What to produce: The requested output is every line from the one with "#2 knife (430, 1190, 706, 1631)" through the last line below, printed exactly.

====== The records

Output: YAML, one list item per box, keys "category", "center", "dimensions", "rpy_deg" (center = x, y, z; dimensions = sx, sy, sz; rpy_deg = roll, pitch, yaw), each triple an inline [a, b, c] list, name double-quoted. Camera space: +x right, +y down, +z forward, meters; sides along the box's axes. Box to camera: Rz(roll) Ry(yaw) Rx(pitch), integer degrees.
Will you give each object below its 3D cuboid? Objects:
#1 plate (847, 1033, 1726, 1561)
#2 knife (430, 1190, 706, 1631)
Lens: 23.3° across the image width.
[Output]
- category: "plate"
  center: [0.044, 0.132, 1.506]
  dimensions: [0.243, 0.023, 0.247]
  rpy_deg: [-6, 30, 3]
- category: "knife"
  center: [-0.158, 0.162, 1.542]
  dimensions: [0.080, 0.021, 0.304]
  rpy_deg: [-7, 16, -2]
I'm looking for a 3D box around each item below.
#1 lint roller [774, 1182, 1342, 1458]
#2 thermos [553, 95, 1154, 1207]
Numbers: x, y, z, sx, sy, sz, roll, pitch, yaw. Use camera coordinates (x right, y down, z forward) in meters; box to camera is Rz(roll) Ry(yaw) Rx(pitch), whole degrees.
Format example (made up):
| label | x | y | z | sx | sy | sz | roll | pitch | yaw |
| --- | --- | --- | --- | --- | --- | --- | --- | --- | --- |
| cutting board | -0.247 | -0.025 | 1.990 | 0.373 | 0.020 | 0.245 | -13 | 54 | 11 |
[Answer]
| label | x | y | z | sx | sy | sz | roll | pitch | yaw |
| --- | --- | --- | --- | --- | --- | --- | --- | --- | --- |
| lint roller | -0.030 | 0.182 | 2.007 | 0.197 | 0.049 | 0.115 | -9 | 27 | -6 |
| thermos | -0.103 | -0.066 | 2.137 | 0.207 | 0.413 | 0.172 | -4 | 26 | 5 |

============

Exercise result:
#2 knife (430, 1190, 706, 1631)
Lens: 23.3° across the image width.
[Output]
- category: "plate"
  center: [0.044, 0.132, 1.506]
  dimensions: [0.243, 0.023, 0.247]
  rpy_deg: [-6, 30, 3]
- category: "knife"
  center: [-0.158, 0.162, 1.542]
  dimensions: [0.080, 0.021, 0.304]
  rpy_deg: [-7, 16, -2]
I'm looking for a 3D box around each item below.
#1 lint roller [774, 1182, 1342, 1458]
#2 thermos [553, 95, 1154, 1207]
Numbers: x, y, z, sx, sy, sz, roll, pitch, yaw. Use camera coordinates (x right, y down, z forward) in meters; box to camera is Rz(roll) Ry(yaw) Rx(pitch), whole degrees.
Format example (made up):
| label | x | y | z | sx | sy | sz | roll | pitch | yaw |
| --- | --- | --- | --- | --- | --- | --- | --- | --- | --- |
| cutting board | -0.247 | -0.025 | 1.990 | 0.373 | 0.020 | 0.245 | -13 | 54 | 11 |
[Answer]
| label | x | y | z | sx | sy | sz | roll | pitch | yaw |
| --- | --- | --- | --- | --- | --- | --- | --- | --- | --- |
| lint roller | -0.030 | 0.182 | 2.007 | 0.197 | 0.049 | 0.115 | -9 | 27 | -6 |
| thermos | -0.103 | -0.066 | 2.137 | 0.207 | 0.413 | 0.172 | -4 | 26 | 5 |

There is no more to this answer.